## Supplied material:

——————————

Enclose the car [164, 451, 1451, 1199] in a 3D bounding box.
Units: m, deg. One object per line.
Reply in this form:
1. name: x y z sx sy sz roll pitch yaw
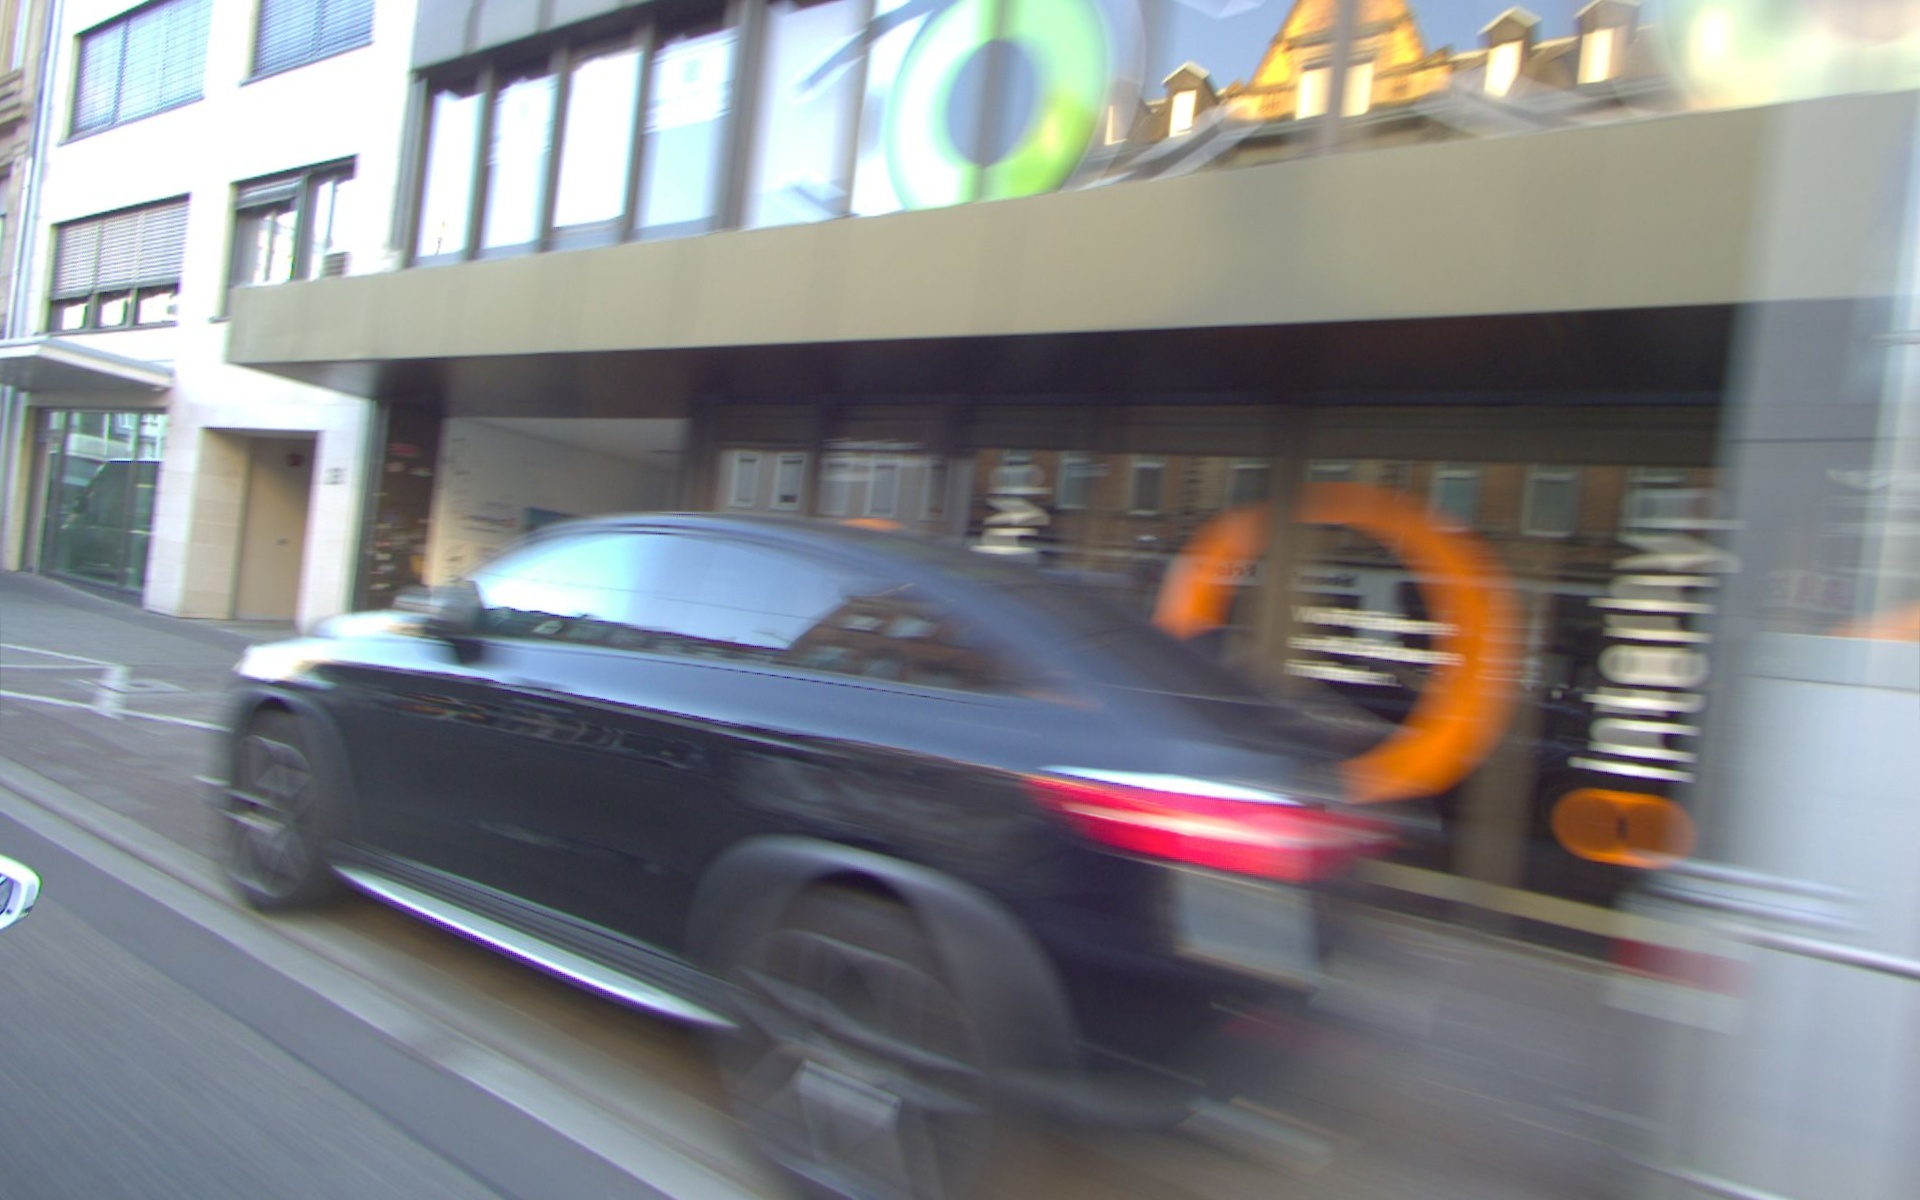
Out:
1. car: -0.845 0.529 3.868 4.593 1.757 1.985 7 2 32

——————————

## Work order:
Without the images, print all of the lines above exactly.

## Result for this exercise:
Enclose the car [164, 451, 1451, 1199] in a 3D bounding box.
Units: m, deg. One object per line.
Reply in this form:
1. name: x y z sx sy sz roll pitch yaw
Out:
1. car: -0.845 0.529 3.868 4.593 1.757 1.985 7 2 32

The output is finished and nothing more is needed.